BKR wendet sich gegen „Cancel-Culture“ an Hochschulen
BKR-Stellungnahme zum „Canceln“ an einer katholischen Hochschule
Der jüngste Vorgang an der Hochschule für Philosophie München (HFPH), bei dem ein Vortrag des Philosophen Sebastian Ostritsch auf Druck protestierender Studierender abgesagt wurde, wirft ein erschütterndes Licht auf das Selbstverständnis akademischer Freiheit und katholischer Erziehung. Ein Institut, das sich als Stätte geistiger Bildung und kirchlicher Tradition versteht, darf sich — ausgerechnet im Namen „katholischer Identität“ — nicht der Bekämpfung kontroverser Meinung verschreiben, wenn diese meinerseits im Rahmen von Vernunft, Bibel und kirchlicher Lehre bleibt.
Meinungsfreiheit und akademische Pflicht
Die Absage erfolgte nach studentischem Druck und Protesten, in denen Ostritsch ausdrücklich als „gefährlich“ und sein Vortrag als untauglich diffamiert wurde — ohne dass konkrete inhaltliche Kritik substantiiert vorgetragen wurde. 
Dies stellt nicht nur einen Angriff auf die Meinungsfreiheit dar; es widerspricht auch dem Selbstverständnis einer Hochschule, die dem philosophischen und theologischen Diskurs verpflichtet ist.
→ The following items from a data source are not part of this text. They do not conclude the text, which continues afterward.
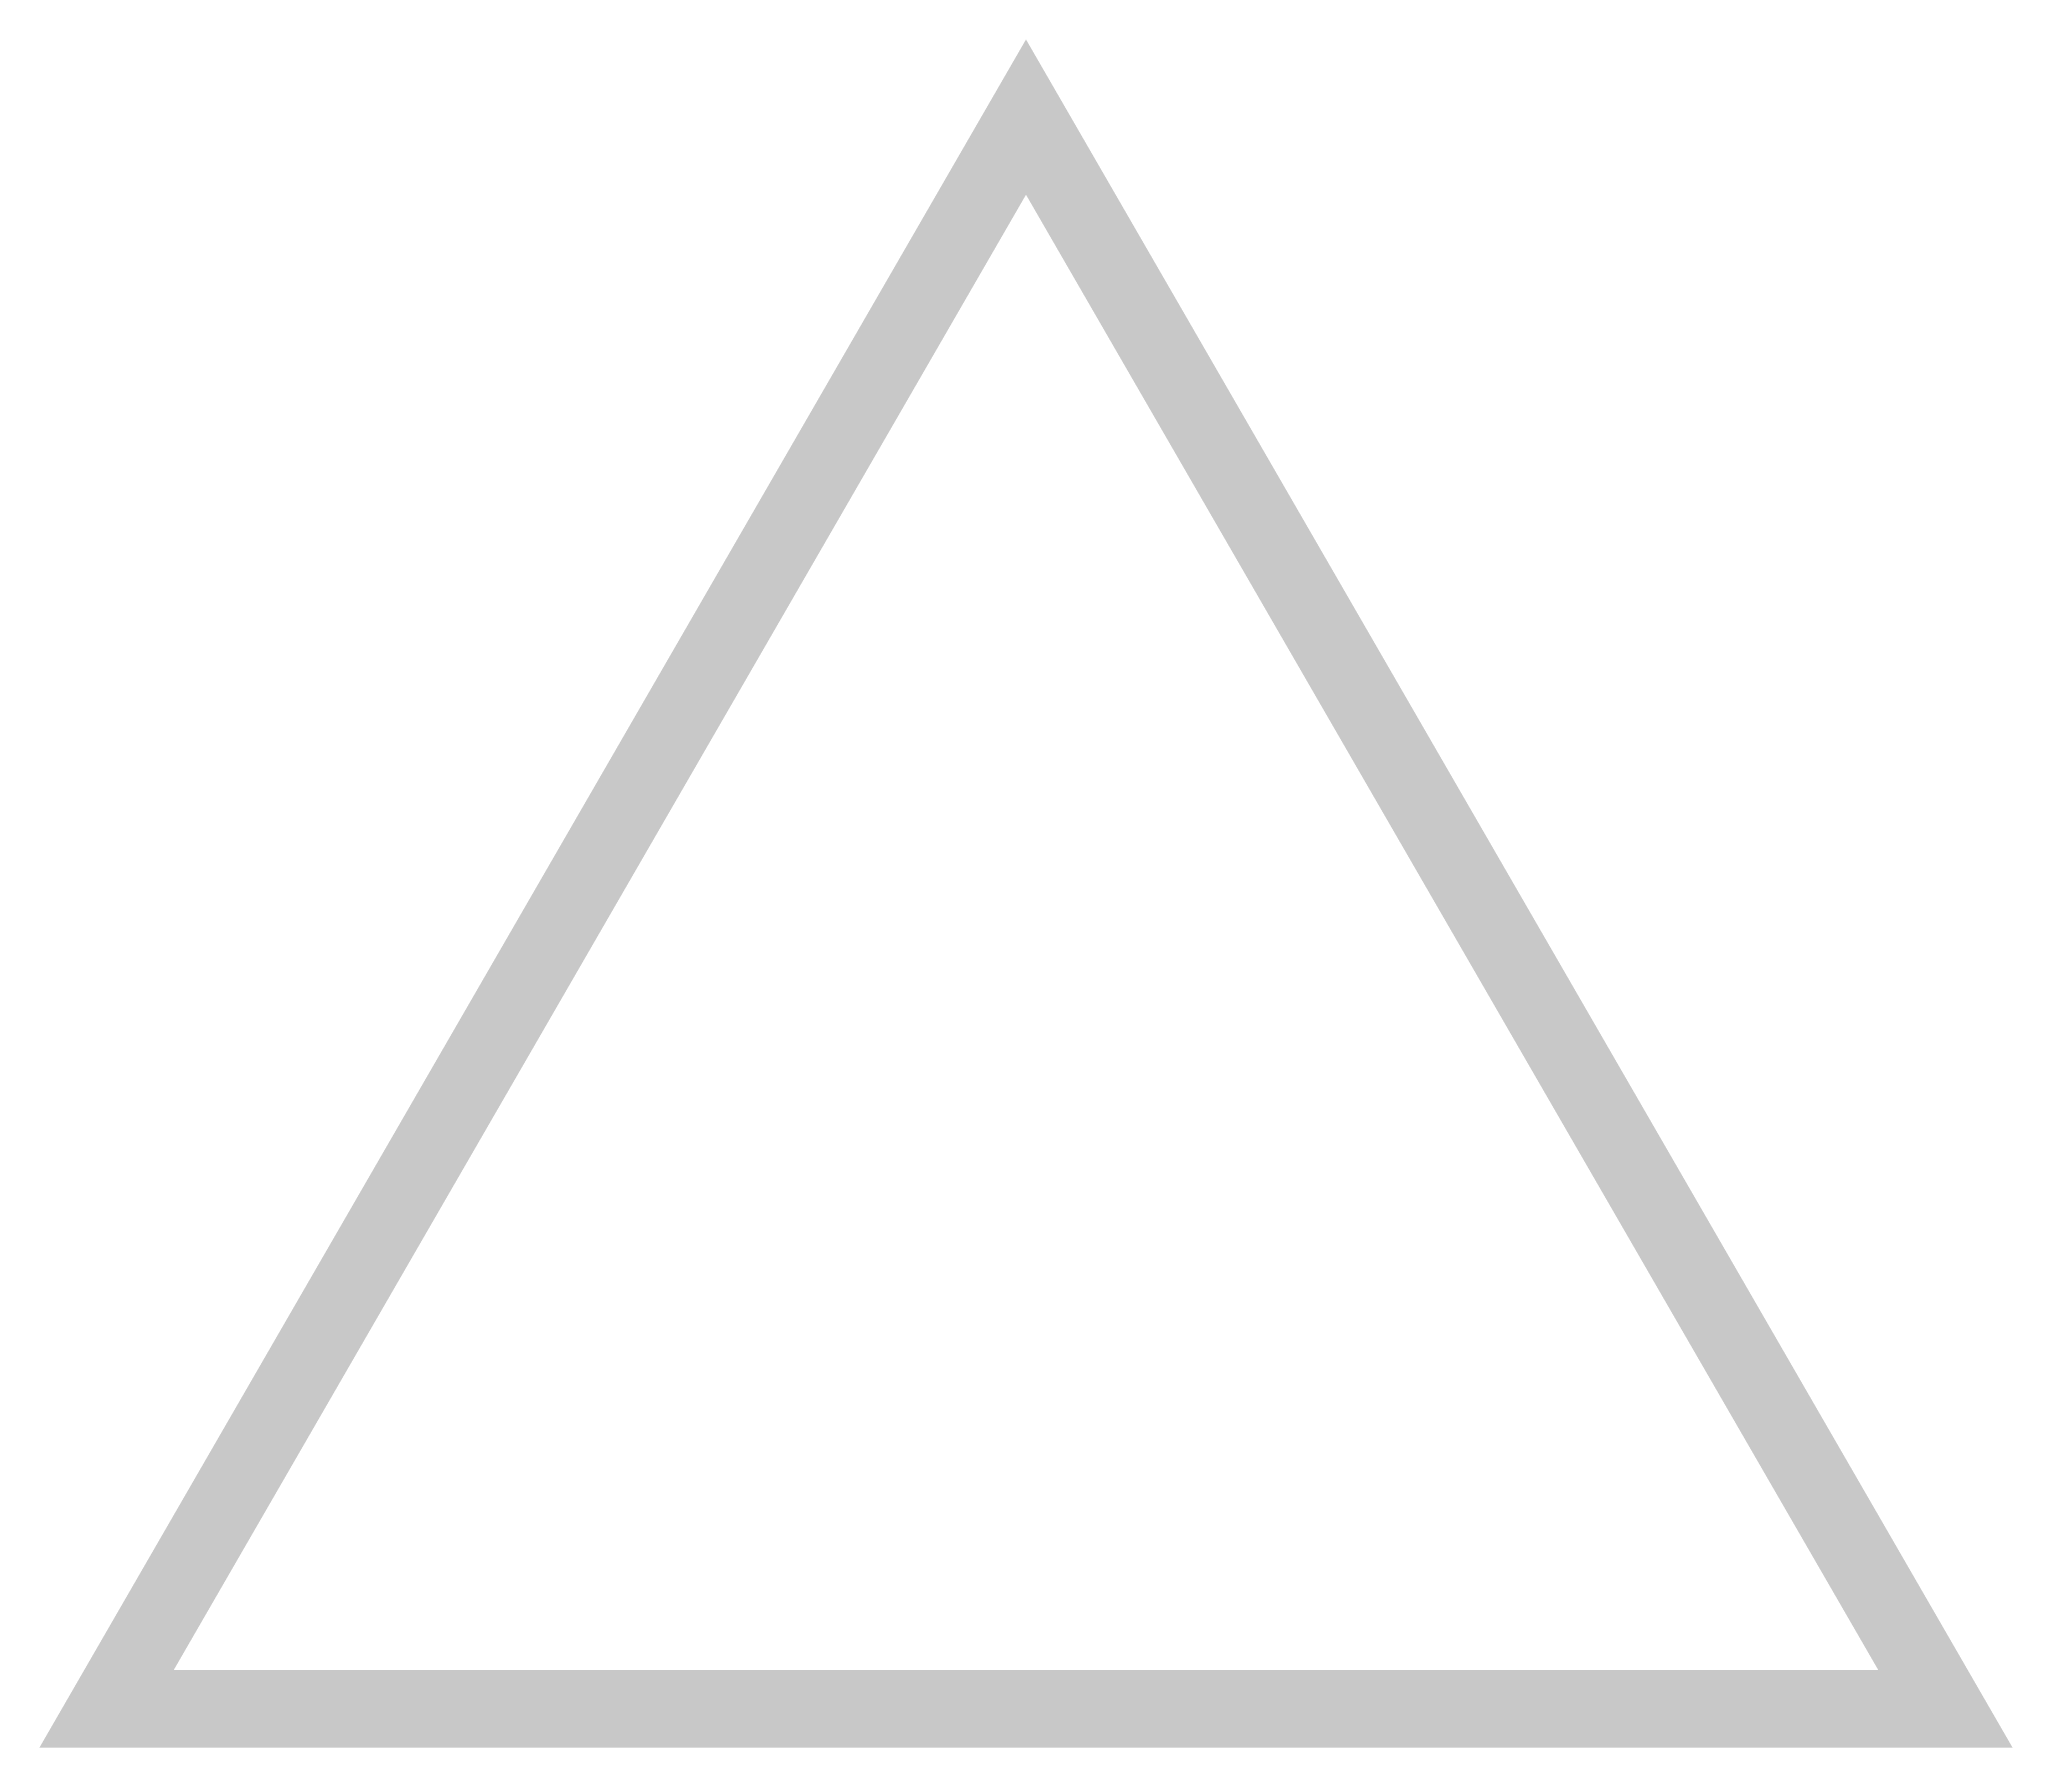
# Model space of a CAD drawing. Header units: inches. Extents: x -1.92 to 1.92, y -1.45 to 1.88.
import ezdxf
from ezdxf.enums import TextEntityAlignment as Align

# ---------------------------------------------------------------- set-up
doc = ezdxf.new("R2010")
doc.units = ezdxf.units.IN
doc.header["$MEASUREMENT"] = 0
doc.styles.add('HZ', font='', dxfattribs={"width": 0.8})
doc.styles.get('HZ').set_extended_font_data('SimSun')

msp = doc.modelspace()

# ---------------------------------------------------------------- texts
at = {"color": 7, "style": 'HZ'}
msp.add_text('△', height=3, dxfattribs=at).set_placement((0, 0), align=Align.MIDDLE_CENTER)

doc.saveas('drawing.dxf')

Dann nämlich, wenn ein katholischer Denker — mit durchaus traditionellen, aber im Rahmen der kirchlichen Lehre vertretbaren Positionen — nicht mehr hören darf, weil er unbequem ist, wird die Debattenkultur, auf der Kirche und Wissenschaft gleichermaßen ruhen, ad absurdum geführt.
Warnung vor Gewöhnung an „Cancel-Normen“
Als BKR sehen wir mit Sorge, dass sich ein „Institutionalisiertes Canceln“ ausbreitet — nicht mehr nur gesellschaftlich-politisch, sondern nun auch in kirchlichen und akademischen Räumen. Was heute als „wohlmeinender Protest“ beginnt, kann morgen die normierte Ausschaltung abweichender Stimmen sein. Der Fall Ostritsch zeigt, wie schnell eine vermeintlich pluralistische Hochschule unter dem Druck aktivistischer Gruppen ihre eigene Selbstverpflichtung aufgibt — mit fatalen Folgen für Meinungsvielfalt und christlich-katholische Debattenkultur.
Appell an Leitung und Gemeinschaft der Kirche
Deshalb fordern wir — im Namen vieler katholischer Rechtsanwälte — die Leitung der HFPH, die Kirchen- und Hochschulgemeinschaft sowie alle Katholikinnen und Katholiken dazu auf, konsequent für den Schutz von Wissenschafts- und Meinungsfreiheit einzutreten:
• Eingeladene Referenten dürfen nicht wegen politischer oder ideologischer Vorbehalte von Studierenden „ausgeladen“ werden, solange sie nicht gegen geltendes Recht verstoßen.
• Eine katholische Hochschule muss der Vielfalt des Denkens Raum geben — gerade dort, wo tiefgehende theologische und philosophische Fragen diskutiert werden.
• Der kirchliche Auftrag zur Wahrheit erfordert Mut zur Debatte; wer in Angst vor Protest schweigt, verhöhnt den Geist der Aufklärung und der katholischen Tradition zugleich.
Worte unseres Vorsitzenden und stellvertretenden Vorsitzenden
„Ein derartiger Vorgang an einer katholischen Hochschule ist nicht nur ein Angriff auf den Einzelnen — er trifft das Fundament unseres Rechtsverständnisses und die Freiheit der Kirche, sich selbst denkend und streitbar zu begreifen.“
— Rechtsanwalt und Fachanwalt für Arbeitsrecht Roger Zörb, Hamburg
„Wenn ein akademischer Raum sich weigert, kontroverse, aber legitime Gedanken zu hören, trägt er nicht zum Frieden der Kirche bei, sondern zu ihrer Versteinerung. Das kann nicht im Sinne christlicher Offenheit sein.“
— Prof. Dr. Sven‑Joachim Otto, Düsseldorf, stellvertretender Vorsitzender des BKR
Schlussbemerkung
Der Fall um Sebastian Ostritsch ist kein Einzelfall, sondern Teil einer besorgniserregenden Entwicklung — auch innerhalb katholischer Institutionen. Als Bund katholischer Rechtsanwälte setzen wir uns dafür ein, dass katholische Hochschulen weiterhin Räume der Debatte bleiben. Wo Kirche und Wissenschaft sich gegenseitig befruchten, darf es keine Angst vor „unangenehmen“ Gedanken geben. Schweigen ist niemals die christliche Antwort auf Dissens.